Regenerative burners are commonly used in molten aluminum, steel reheat, forging and glass furnaces. Regenerative burners typically include a pair of independently functioning burner units connected by a system of valves which allow each unit to alternately function as a burner and as a flue for the other unit when functioning as a burner. Cycle times between burner and flue functions may be as short as 30 seconds or so. The advantage of regenerative burners is that one unit captures the heat of the escaping flue gas of the other burner and uses the captured heat to warm a bed of thermal media which in turn pre-heats incoming combustion air, thus reducing fuel consumption as well as emissions.
However, as the burner units typically reach temperatures of 1500 degrees Fahrenheit of more during routine operation, and the incoming air is typically at ambient temperature, the rapid cycling of the bed media makes thermal shock damage to the media problematic. Further, heat recovery from the media is a function of the heat transfer, heat capacity, and effective surface area of the media. It is therefore advantageous for bed media to transfer heat quickly and efficiently to and from the surrounding gasses to minimize thermal shock as well as to most efficiently use the heat of flue gas to preheat incoming air.

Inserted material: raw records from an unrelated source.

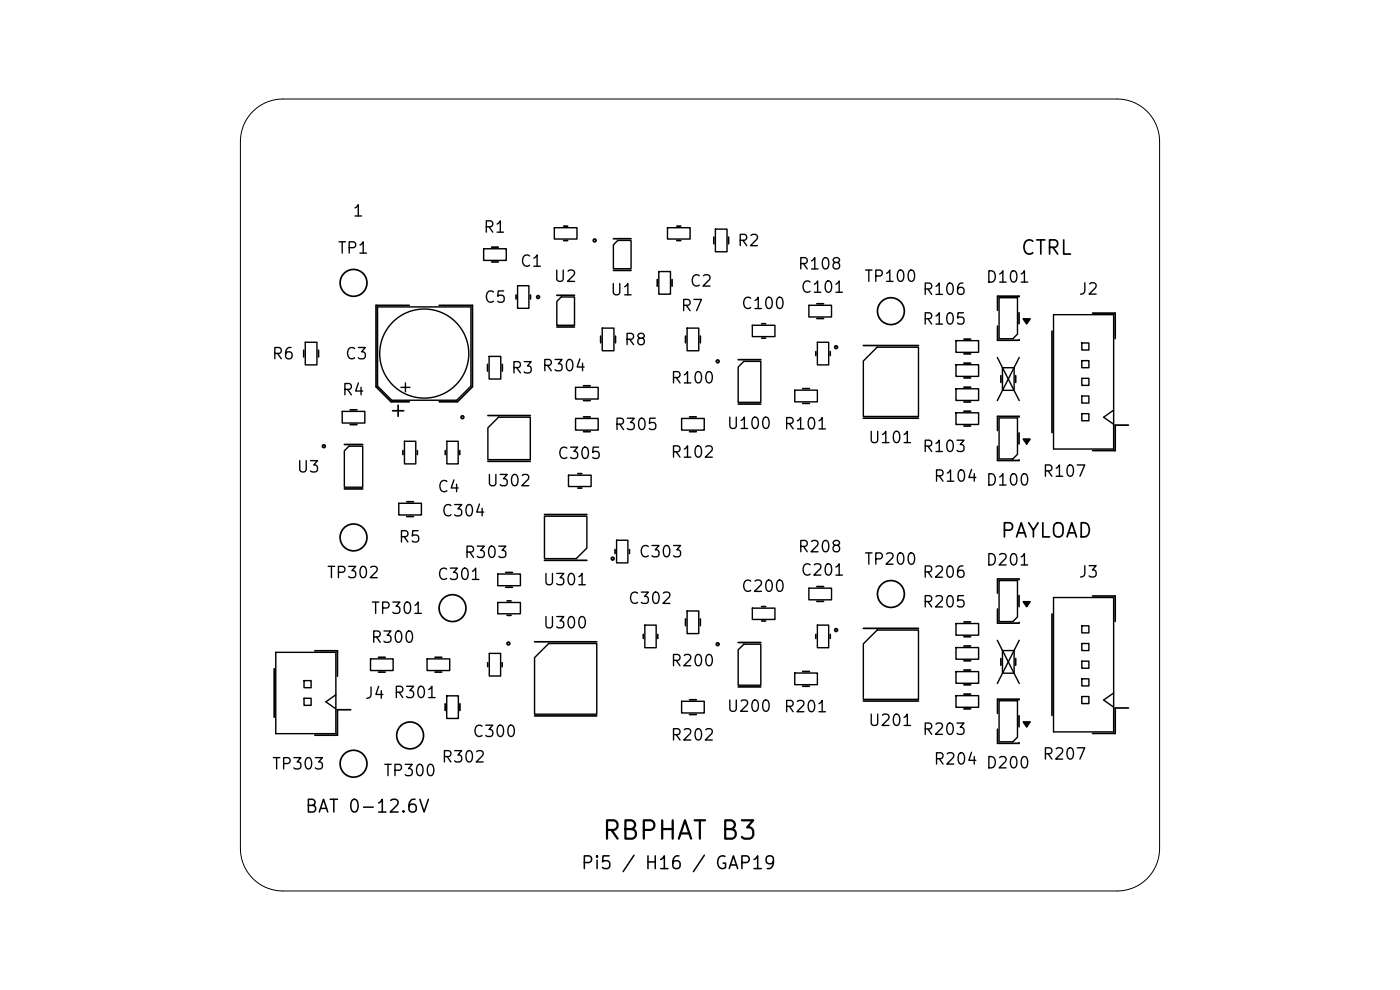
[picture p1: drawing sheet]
<svg xmlns="http://www.w3.org/2000/svg" width="297mm" height="210mm" viewBox="0 0 297 210" stroke-linecap="round" stroke-linejoin="round" font-family="sans-serif">
<defs><g id="words">
<text font-size="3.9" x="127.5" y="179.1">RBPHAT B3</text>
<g font-size="3">
<text x="216.4" y="54.8">CTRL</text>
<text x="212.1" y="114.8">PAYLOAD</text>
</g>
<g font-size="2.7">
<text x="64.5" y="173.1">BAT 0-12.6V</text>
<text x="123.1" y="185.1">Pi5 / H16 / GAP19</text>
</g>
<g font-size="2.4">
<text x="74.6" y="46.5">1</text>
<text x="102.4" y="50">R1</text>
<text x="156.2" y="52.8">R2</text>
<text x="71.4" y="54.4">TP1</text>
<text x="110.2" y="57.2">C1</text>
<text x="169.1" y="57.8">R108</text>
<text x="102.5" y="64.8">C5</text>
<text x="117.3" y="60.4">U2</text>
<text x="129.3" y="63.3">U1</text>
<text x="146.2" y="61.4">C2</text>
<text x="169.7" y="62.7">C101</text>
<text x="183.2" y="60.4">TP100</text>
<text x="195.5" y="63.2">R106</text>
<text x="209" y="60.6">D101</text>
<text x="228.6" y="63.1">J2</text>
<text x="144.2" y="66.6">R7</text>
<text x="157.1" y="66.2">C100</text>
<text x="195.5" y="69.5">R105</text>
<text x="57.5" y="76.8">R6</text>
<text x="73" y="76.8">C3</text>
<text x="132.2" y="73.8">R8</text>
<text x="108.2" y="79.8">R3 R304</text>
<text x="142.1" y="82">R100</text>
<text x="72.4" y="84.5">R4</text>
<text x="130.1" y="91.8">R305</text>
<text x="154" y="91.6">U100</text>
<text x="166.1" y="91.7">R101</text>
<text x="184" y="94.6">U101</text>
<text x="62.8" y="100.8">U3</text>
<text x="118.1" y="98">C305</text>
<text x="142.1" y="97.7">R102</text>
<text x="195.5" y="96.5">R103</text>
<text x="221" y="101.8">R107</text>
<text x="92.6" y="105">C4</text>
<text x="103" y="103.8">U302</text>
<text x="197.9" y="102.8">R104</text>
<text x="209" y="103.6">D100</text>
<text x="93.5" y="110.2">C304</text>
<text x="84.4" y="115.7">R5</text>
<text x="98.3" y="119">R303</text>
<text x="135.3" y="118.8">C303</text>
<text x="169.1" y="117.8">R208</text>
<text x="69.2" y="123.3">TP302</text>
<text x="92.6" y="123.6">C301</text>
<text x="115" y="124.8">U301</text>
<text x="169.7" y="122.7">C201</text>
<text x="183.2" y="120.4">TP200</text>
<text x="195.5" y="123.2">R206</text>
<text x="209" y="120.6">D201</text>
<text x="228.6" y="123.1">J3</text>
<text x="78.5" y="130.8">TP301</text>
<text x="133.1" y="128.7">C302</text>
<text x="157.1" y="126.2">C200</text>
<text x="195.5" y="129.5">R205</text>
<text x="78.5" y="137">R300</text>
<text x="115" y="133.9">U300</text>
<text x="142.1" y="142">R200</text>
<text x="77.2" y="148.8">J4 R301</text>
<text x="154" y="151.6">U200</text>
<text x="166.1" y="151.7">R201</text>
<text x="184" y="154.6">U201</text>
<text x="100.1" y="157">C300</text>
<text x="142.1" y="157.7">R202</text>
<text x="195.5" y="156.5">R203</text>
<text x="221" y="161.8">R207</text>
<text x="57.5" y="163.8">TP303</text>
<text x="81.2" y="165.3">TP300</text>
<text x="93.5" y="162.4">R302</text>
<text x="197.9" y="162.8">R204</text>
<text x="209" y="163.6">D200</text>
</g>
</g></defs>
<g fill="none" stroke="#000" stroke-width=".3">
<path d="M102.6 52.8h4.8v2.4h-4.8zM117.6 48.3h4.8v2.4h-4.8zM131.1 51h2.8v6h-3.8v-5.1zM139.8 57.6h2.4v4.8h-2.4zM141.6 48.3h4.8v2.4h-4.8zM151.8 48.6h2.4v4.8h-2.4zM64.8 72.6h2.4v4.8h-2.4zM80.1 65.1h19.8v16.8l-3 3h-13.8l-3-3zM103.8 75.6h2.4v4.8h-2.4zM109.8 60.6h2.4v4.8h-2.4zM119.1 63h2.8v6h-3.8v-5.1zM127.8 69.6h2.4v4.8h-2.4z"/>
<path d="M145.8 69.6h2.4v4.8h-2.4zM156.6 77.9l1.2-1.2h3.6v8.7h-4.8zM159.6 69h4.8v2.4h-4.8zM171.6 64.8h4.8v2.4h-4.8zM173.4 72.6h2.4v4.8h-2.4zM186.1 73.7h8.8v14.7h-11.7v-11.8zM202.8 72.3h4.8v2.4h-4.8zM202.8 77.4h4.8v2.4h-4.8zM211.6 75.8l4.6 9.2M212 63.2h3.9v7.7l-1 1h-2.9zM212.7 78h2.4v4.8h-2.4zM216.2 75.8l-4.6 9.2"/>
<path d="M223.5 66.8h12.8v28.5h-12.8zM229.5 72.8h1.5v1.5h-1.5zM229.5 76.5h1.5v1.5h-1.5zM72.6 87.3h4.8v2.4h-4.8zM74 94.7h3v8.7h-3.9v-7.8zM85.1 82.2h1.9M85.8 93.6h2.4v4.8h-2.4zM86 81.2v1.9M94.8 93.6h2.4v4.8h-2.4zM105.8 88.5h6.7v9h-9v-6.7zM122.1 82.2h4.8v2.4h-4.8zM122.1 88.8h4.8v2.4h-4.8z"/>
<path d="M144.6 88.8h4.8v2.4h-4.8zM168.6 82.8h4.8v2.4h-4.8zM202.8 82.5h4.8v2.4h-4.8zM202.8 87.6h4.8v2.4h-4.8zM212 88.7h3.9v7.7l-1 1h-2.9zM229.5 80.3h1.5v1.5h-1.5zM229.5 84h1.5v1.5h-1.5zM229.5 87.8h1.5v1.5h-1.5zM236.3 87l-2.2 1.5 2.2 1.5M84.6 106.8h4.8v2.4h-4.8zM115.5 109.5h9v6.8l-2.2 2.2h-6.8zM120.6 100.8h4.8v2.4h-4.8z"/>
<path d="M130.8 114.6h2.4v4.8h-2.4zM58.5 138.4h12.8v17.2h-12.8zM78.6 139.8h4.8v2.4h-4.8zM90.6 139.8h4.8v2.4h-4.8zM103.8 138.6h2.4v4.8h-2.4zM105.6 127.8h4.8v2.4h-4.8zM105.6 121.8h4.8v2.4h-4.8zM116.4 136.5h10.2v15h-13.2v-12zM136.8 132.6h2.4v4.8h-2.4zM145.8 129.6h2.4v4.8h-2.4zM157.8 136.7h3.6v8.7h-4.8v-7.5zM159.6 129h4.8v2.4h-4.8z"/>
<path d="M171.6 124.8h4.8v2.4h-4.8zM173.4 132.6h2.4v4.8h-2.4zM186.1 133.7h8.8v14.7h-11.7v-11.8zM202.8 137.4h4.8v2.4h-4.8zM202.8 132.3h4.8v2.4h-4.8zM211.6 135.8l4.6 9.2M212 123.2h3.9v7.7l-1 1h-2.9zM212.7 138h2.4v4.8h-2.4zM216.2 135.8l-4.6 9.2M223.5 126.8h12.8v28.5h-12.8zM229.5 132.8h1.5v1.5h-1.5zM229.5 136.5h1.5v1.5h-1.5z"/>
<path d="M64.5 144.4h1.5v1.5h-1.5zM64.5 148.1h1.5v1.5h-1.5zM71.3 147.4l-2.2 1.5 2.2 1.5M94.8 147.6h2.4v4.8h-2.4zM144.6 148.8h4.8v2.4h-4.8zM168.6 142.8h4.8v2.4h-4.8zM202.8 142.5h4.8v2.4h-4.8zM202.8 147.6h4.8v2.4h-4.8zM212 148.7h3.9v7.7l-1 1h-2.9zM229.5 140.3h1.5v1.5h-1.5zM229.5 144h1.5v1.5h-1.5zM229.5 147.8h1.5v1.5h-1.5z"/>
<path d="M236.3 147l-2.2 1.5 2.2 1.5"/>
<circle cx="90" cy="75" r="9.4"/>
</g>
<g fill="none" stroke="#000" stroke-width=".36">
<path d="M104.3 52.4h1.4M104.3 55.6h1.4M119.6 48h.8M119.6 51h.8M130.1 50.6h3.8M130.1 57.4h3.8M139.4 59.3v1.4M142.6 59.3v1.4M143.6 48h.8M143.6 51h.8M151.4 50.3v1.4M154.6 50.3v1.4"/>
<path d="M64.4 74.3v1.4M67.6 74.3v1.4M86.8 64.8h-7v17.2l3.2 3.2h3.8M93.2 64.8h7v17.2l-3.2 3.2h-3.8M103.4 77.3v1.4M106.6 77.3v1.4M109.5 62.6v.8M112.5 62.6v.8M118.1 62.6h3.8M118.1 69.4h3.8M127.4 71.3v1.4M130.6 71.3v1.4"/>
<path d="M145.4 71.3v1.4M148.6 71.3v1.4M156.6 76.3h4.8M161.6 68.7h.8M161.6 71.7h.8M173.1 74.6v.8M173.3 64.4h1.4M173.3 67.6h1.4M176.1 74.6v.8M183.2 73.3h11.7M204.5 71.9h1.4M204.5 75.1h1.4"/>
<path d="M204.5 77h1.4M211.6 69.2v3h4.6v-.2M212.3 79.7v1.4M215.5 79.7v1.4M216.2 63v-.2h-4.6v3M216.2 66.3v2.4M217.1 67.7h1.4l-.7 .9zM223.2 70.2v21.6M231.8 66.4h4.8v5.4M73.1 94.3h3.9M74.3 86.9h1.4M74.3 90.1h1.4"/>
<path d="M83.3 87.1h2.3M84.5 86v2.3M85.5 95.6v.8M88.5 95.6v.8M94.5 95.6v.8M97.5 95.6v.8M103.5 88.1h9M103.5 97.9h9M123.8 81.8h1.4M123.8 85h1.4M123.8 88.4h1.4M123.8 91.6h1.4"/>
<path d="M146.3 88.4h1.4M146.3 91.6h1.4M156.6 85.7h4.8M170.3 82.4h1.4M170.3 85.6h1.4M183.2 88.7h11.7M204.5 80.2h1.4M204.5 82.1h1.4M204.5 85.3h1.4M204.5 87.2h1.4M204.5 90.4h1.4M211.6 94.7v3h4.6v-.2"/>
<path d="M216.2 88.5v-.2h-4.6v3M216.2 91.8v2.4M217.1 93.2h1.4l-.7 .9zM239.4 90.2h-2.8v5.4h-4.8M73.1 103.7h3.9M86.3 106.4h1.4M86.3 109.6h1.4M115.5 109.1h9M115.5 118.9h9M122.6 100.5h.8M122.6 103.5h.8M130.5 116.6v.8"/>
<path d="M133.5 116.6v.8M66.8 138h4.8v5.4M80.3 139.4h1.4M92.3 139.4h1.4M107.3 121.4h1.4M107.3 124.6h1.4M107.6 127.5h.8M107.6 130.5h.8M113.4 136.1h13.2M136.5 134.6v.8M139.5 134.6v.8M145.4 131.3v1.4"/>
<path d="M148.6 131.3v1.4M156.6 136.3h4.8M161.6 128.7h.8M161.6 131.7h.8M173.1 134.6v.8M173.3 124.4h1.4M173.3 127.6h1.4M176.1 134.6v.8M183.2 133.3h11.7M204.5 137h1.4M204.5 131.9h1.4M204.5 135.1h1.4"/>
<path d="M211.6 129.2v3h4.6v-.2M212.3 139.7v1.4M215.5 139.7v1.4M216.2 123v-.2h-4.6v3M216.2 126.3v2.4M217.1 127.7h1.4l-.7 .9zM223.2 130.2v21.6M231.8 126.4h4.8v5.4M58.2 141.9v10.2M74.4 150.6h-2.8v5.4h-4.8M80.3 142.6h1.4M92.3 142.6h1.4"/>
<path d="M94.4 149.3v1.4M97.6 149.3v1.4M103.5 140.6v.8M106.5 140.6v.8M113.4 151.9h13.2M146.3 148.4h1.4M146.3 151.6h1.4M156.6 145.7h4.8M170.3 142.4h1.4M170.3 145.6h1.4M183.2 148.7h11.7M204.5 140.2h1.4"/>
<path d="M204.5 142.1h1.4M204.5 145.3h1.4M204.5 147.2h1.4M204.5 150.4h1.4M211.6 154.7v3h4.6v-.2M216.2 148.5v-.2h-4.6v3M216.2 151.8v2.4M217.1 153.2h1.4l-.7 .9zM239.4 150.2h-2.8v5.4h-4.8"/>
<circle cx="126.2" cy="51" r=".3"/>
<circle cx="75" cy="60" r="2.85"/>
<circle cx="114.2" cy="63" r=".3"/>
<circle cx="152.3" cy="76.7" r=".3"/>
<circle cx="177.4" cy="73.7" r=".3"/>
<circle cx="189" cy="66" r="2.85"/>
<circle cx="68.7" cy="94.7" r=".3"/>
<circle cx="98.1" cy="88.5" r=".3"/>
<circle cx="75" cy="114" r="2.85"/>
<circle cx="130" cy="118.5" r=".3"/>
<circle cx="96" cy="129" r="2.85"/>
<circle cx="107.9" cy="136.5" r=".3"/>
<circle cx="152.3" cy="136.7" r=".3"/>
<circle cx="177.4" cy="133.7" r=".3"/>
<circle cx="189" cy="126" r="2.85"/>
<circle cx="87" cy="156" r="2.85"/>
<circle cx="75" cy="162" r="2.85"/>
</g>
<path d="M217.1 67.7h1.4l-.7 .9zM217.1 93.2h1.4l-.7 .9zM217.1 127.7h1.4l-.7 .9zM217.1 153.2h1.4l-.7 .9z" fill="#000"/>
<path d="M53.6 23.6a9 9 0 0 1 6.4-2.6h177a9 9 0 0 1 9 9v150a9 9 0 0 1-9 9h-177a9 9 0 0 1-9-9v-150a9 9 0 0 1 2.6-6.4z" fill="none" stroke="#000" stroke-width=".21"/>
<use href="#words"/>
</svg>

The media size and shape also directly impact the pressure drop or resistance to gas flow through the media bed. Orientation of the media, shape, surface area, and void fractions all impact the pressure drop.
Another problem with standard spherical bed media is the rapid build-up of contamination on the surface of the media. Contaminants of the media from the flue gas, from the melting of painted metals and the like, build up on the media surfaces and interfere with their ability to efficiently transfer heat, reduce air flow and increase pressure drop thus requiring frequent cleaning and change-outs of the bed media.
Thus, there is a need for inexpensive heat exchange media having good thermal mass, heat transfer properties, and mechanical stability that will not contribute excessively to pressure drop. The present novel technology addresses this need.